Definitivamente, el mejor consejo
que le puedo dar a Bukele y a todo su gabinete es simple: desconfíen de
absolutamente todo y todos en Honduras. No importa el color político, si se
dicen de izquierda o de derecha, no confíen. Lo que ha pasado recientemente,
que un partido de la llamada derecha liberal y sionistoide se lanzó contra
Bukele sin que siquiera hubiera un conflicto real, tiene una sola explicación:
la cúpula gobernante en Honduras es globalista, sin más.
Que hayan atacado a Bukele casi
al unísono, usando a todos sus esbirros en el aparato estatal y los medios de
comunicación, es el reflejo perfecto de que alguien pagó por esto. Y, oh
casualidad, la oposición en El Salvador también se lanzó contra Bukele justo
hace unos días. Qué sincronización tan... “natural”, ¿verdad?
Y ahora aparecen unos pastores
evangélicos en Honduras diciendo que “Dios lo castigará”. Sí, esos pastores que
tratan a Dios como si fuera una tarjeta mágica que les da superpoderes, como si
tuvieran línea directa con el cielo. Que quede clarísimo: alguien está soltando
billetes para difamar a Bukele, y viene del globalismo occidental, esa Europa
liberal que es la última trinchera de todas esas ideologías ridículas.
Ah, y no me hagan empezar con los
anglosajones, que cuando Bukele deje de ser útil, lo van a devorar sin
pestañear. Pero la clave es clara: Bukele no debe confiar en absolutamente nada
de lo que ocurre en Honduras. Ni por un segundo.

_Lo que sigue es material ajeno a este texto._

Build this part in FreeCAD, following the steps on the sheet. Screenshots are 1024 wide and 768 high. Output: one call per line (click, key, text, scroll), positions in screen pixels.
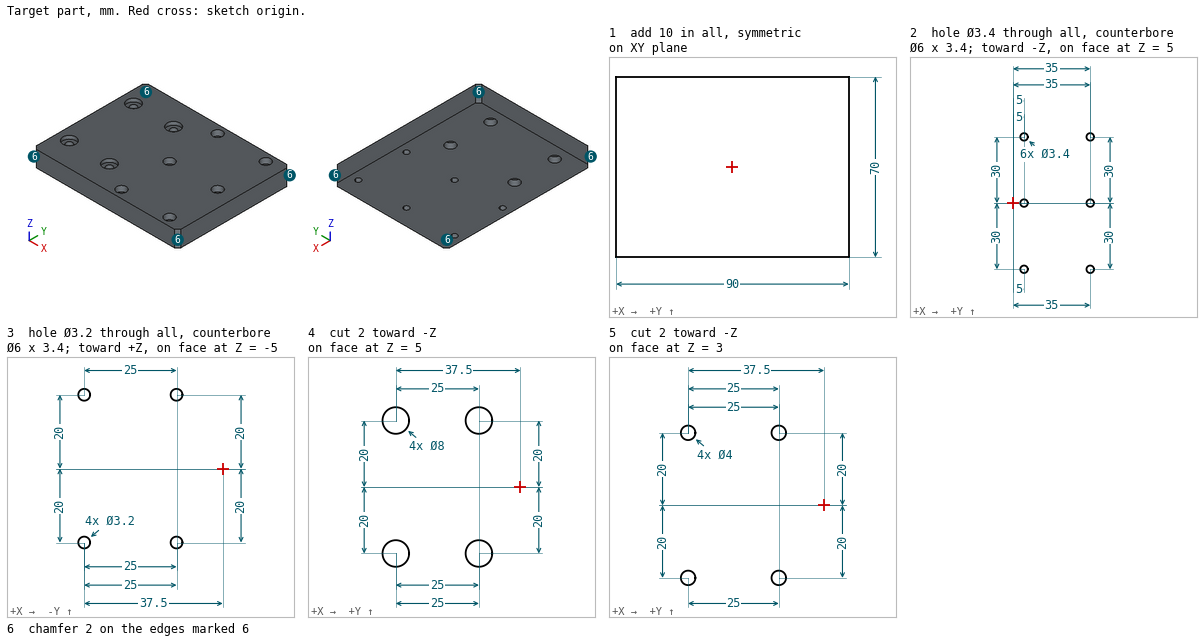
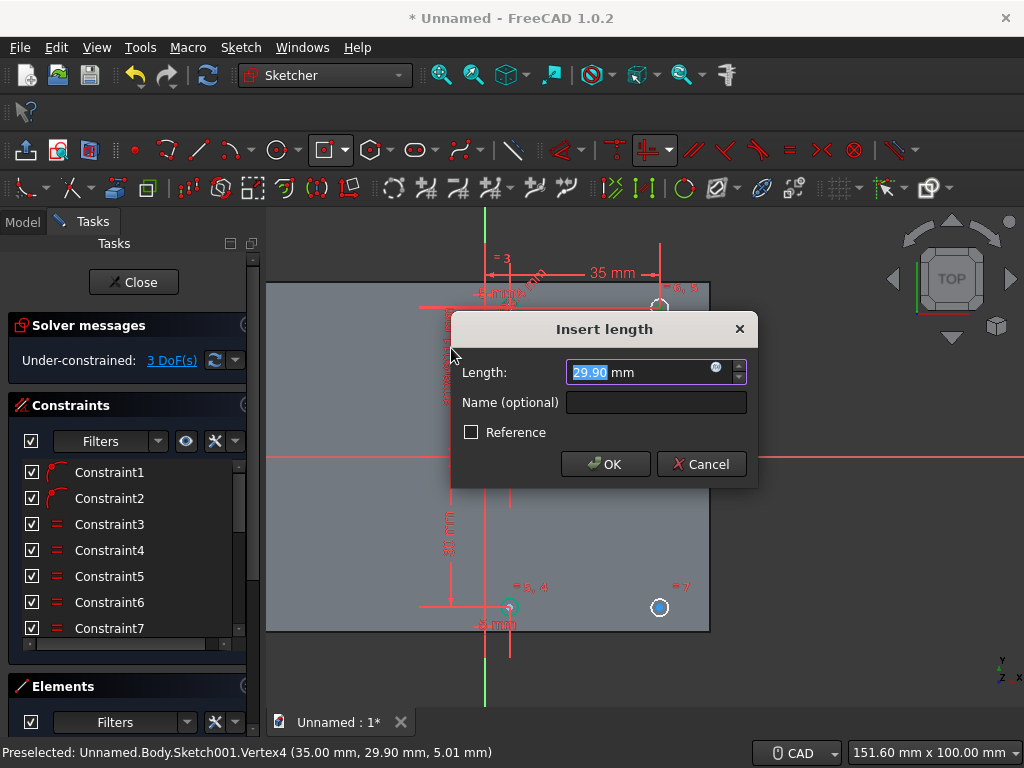
text(30)
key(Return)
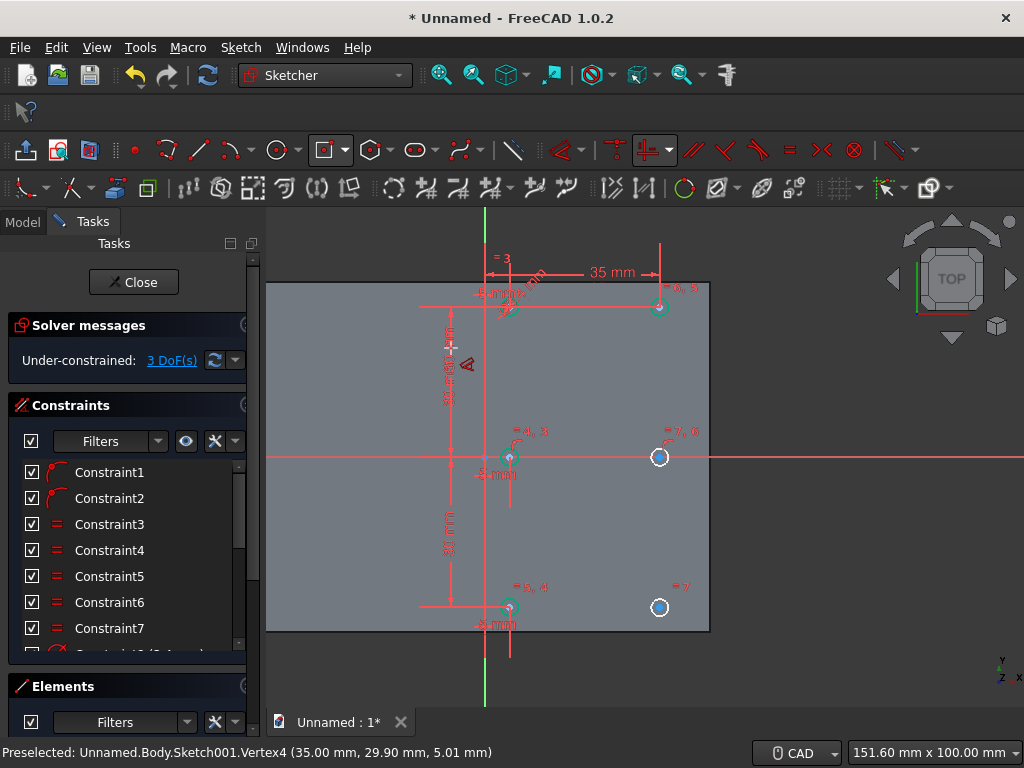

Aquí, en esta Honduras que a
veces parece un laboratorio de las peores aberraciones, se gestó el golpe de
Estado contra Jacobo Árbenz en 1954. No lo olviden. Honduras ha sido durante
décadas el patio trasero de la CIA. Desde aquí se entrenaron contras para
derrocar al gobierno sandinista de Nicaragua. Desde aquí se planearon golpes y
se conspiró contra gobiernos legítimos una y otra vez. No hay un ápice de
fiabilidad en estas cúpulas.
Ese es el consejo: no confíen, no
bajen la guardia, no crean ni una palabra de estos personajes ridículos.
Todos estos cábulas, crápulas,
criaturas que desatan sus horrendas cabronadas, prefirieron estar del lado de
las pandillas antes que de su propio pueblo. ¿Se dan cuenta? Sepa Dios qué
entidad satánica gobierna Honduras para que prefieran defender a los asesinos
antes que proteger a familias que quieren salir a la calle sin miedo.

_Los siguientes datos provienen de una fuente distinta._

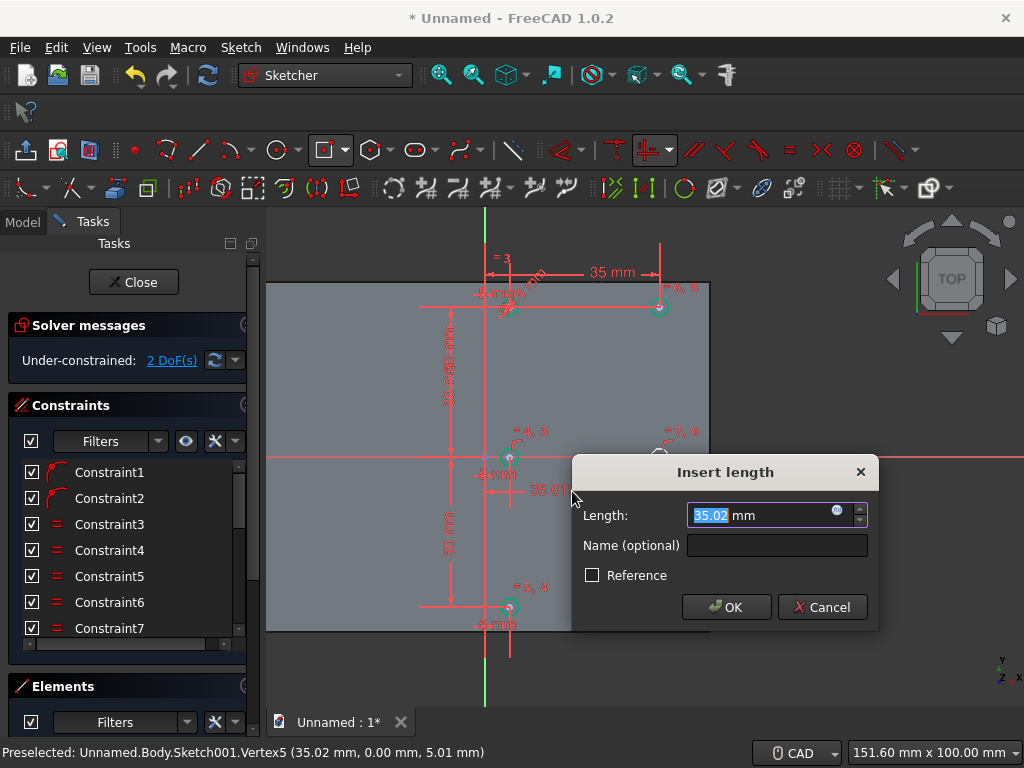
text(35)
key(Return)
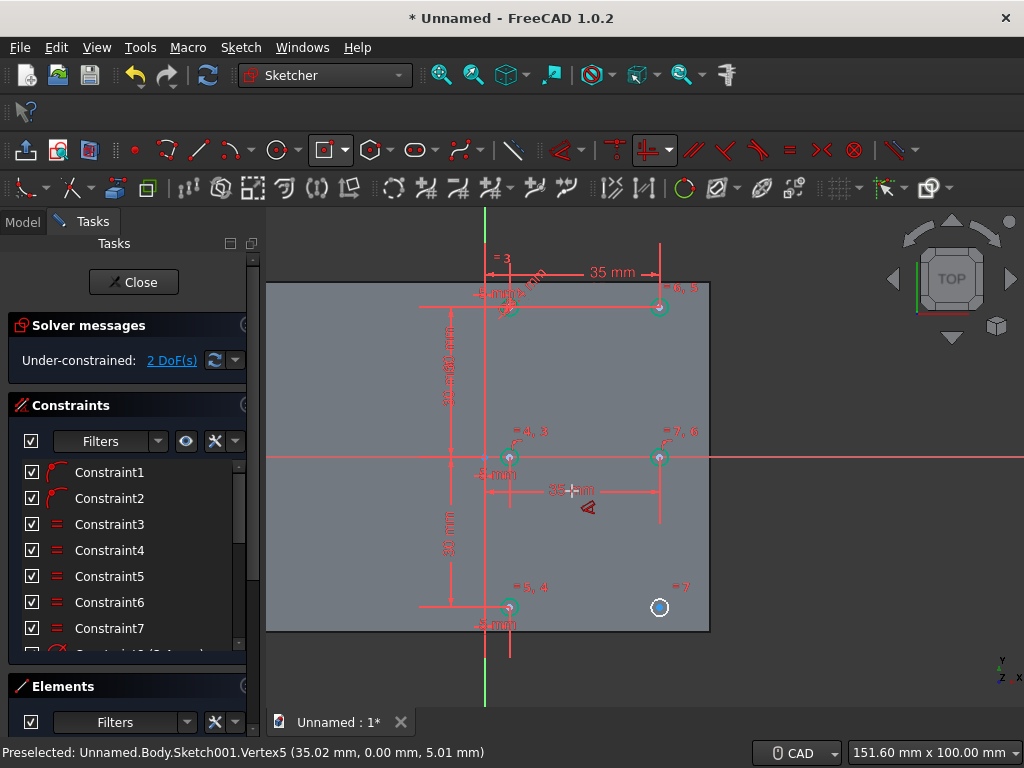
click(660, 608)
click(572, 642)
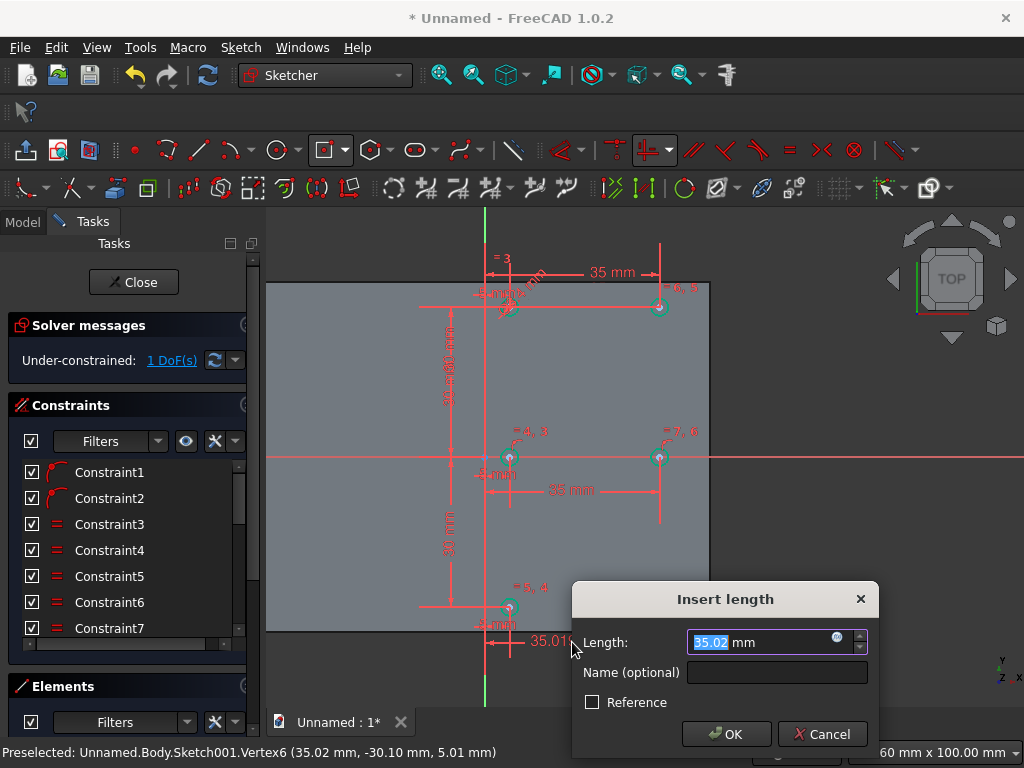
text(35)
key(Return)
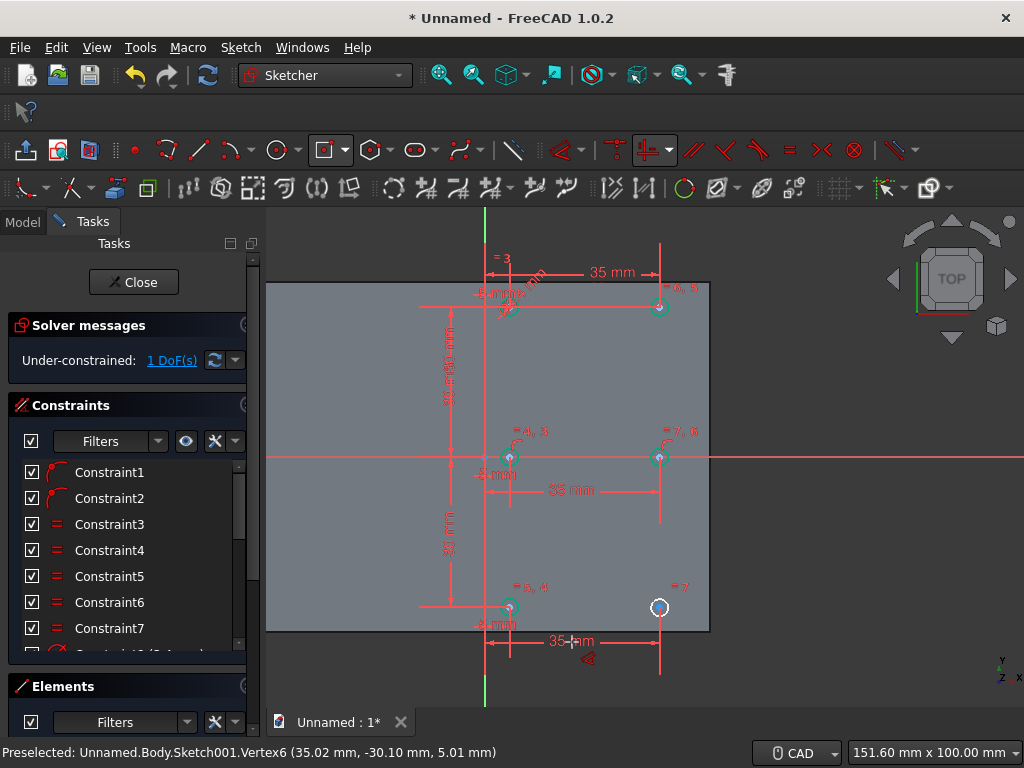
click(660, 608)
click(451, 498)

Atención, liberal-libertarios de
América Latina: su querida derecha, la misma que aplaudían hace un mes en redes
por Donald Trump, aquí se puso del lado del crimen organizado. Sí, defendiendo
los “derechos humanos” de los sicarios. Que quede clarito, que no haya
confusiones.
Y qué curiosos son los
hondureños, con su maldito hábito de ser hocicones, diciéndole a Bukele que no
se meta, mientras ellos fueron los que iniciaron todo el relajo. Fueron los
medios hondureños los que se entrometieron, los que empezaron a atacar a Bukele,
y luego tienen la cara dura de decirle “no te metas en Honduras”. ¿De qué están
hablando, hocicones? ¿Quién tiró la primera piedra y luego se hace la víctima?

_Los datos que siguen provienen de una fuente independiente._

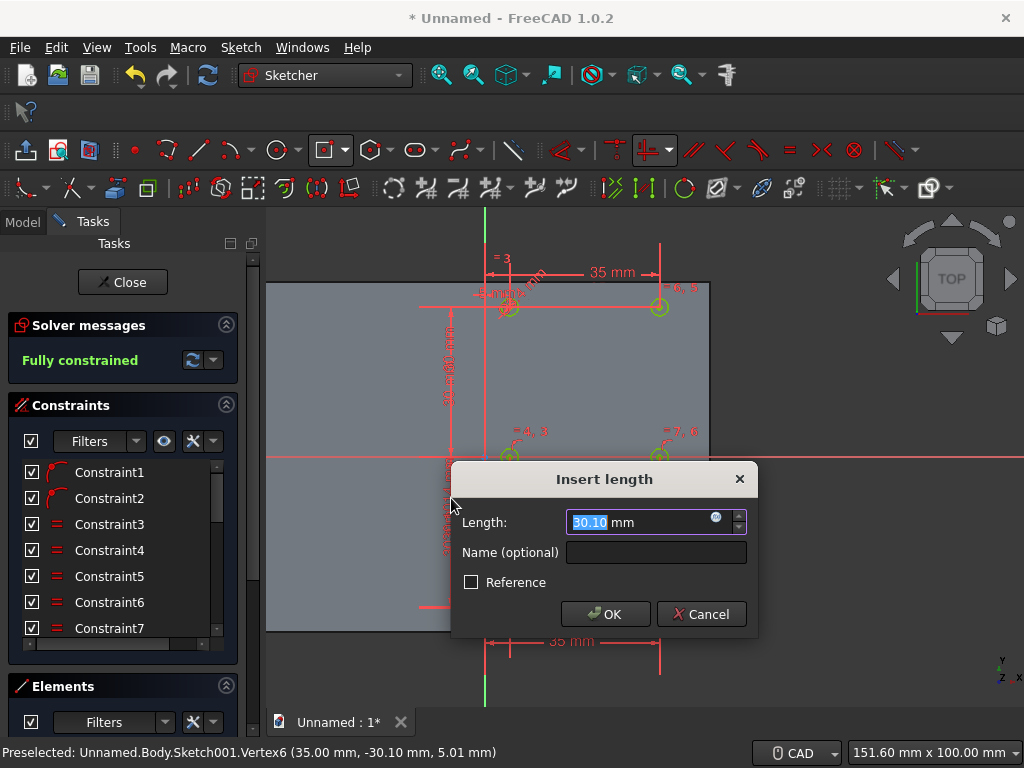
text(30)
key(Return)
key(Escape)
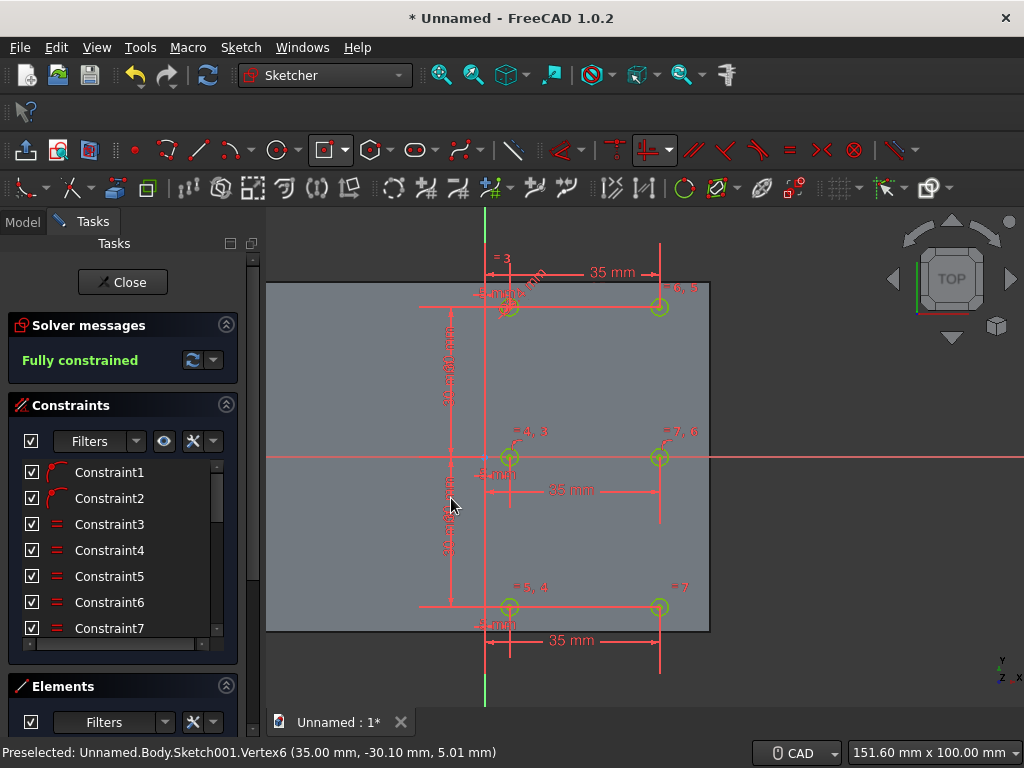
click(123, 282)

Le están diciendo a los salvadoreños cómo vivir sus vidas, ellos que eligieron
a Bukele con aprobación histórica, ellos que decidieron que querían seguridad
de verdad y no discursos vacíos.
Todavía no distingo bien cuál es
el ardor que tiene el Partido Nacional. ¿Será porque Bukele no reconoció a su
títere de turno, a su monigote de turno? ¿O alguien está pagando por este circo
para atacar a Bukele de un día para otro? Porque todo comenzó de la nada. Qué
raro, qué conveniente, qué sospechoso.
Pero los hechos son tercos: las
autoridades de Honduras prefieren a las pandillas sobre su propio pueblo. Que
alguien entienda: algo siniestro y oscuro gobierna Honduras, el más repugnante
de los globalismos, esa mezcla de cinismo, corrupción y entrega a intereses
extranjeros. Ni el pueblo hondureño ni Bukele y su gabinete deberían confiar en
esta élite. Ni ahora, ni nunca.
Porque ya se demostró: cuando hay
que elegir entre proteger a los ciudadanos o quedar bien con ONGs y organismos
internacionales, estas élites siempre eligen a los segundos. Y eso, en lenguaje
llano, se llama traición a tu pueblo.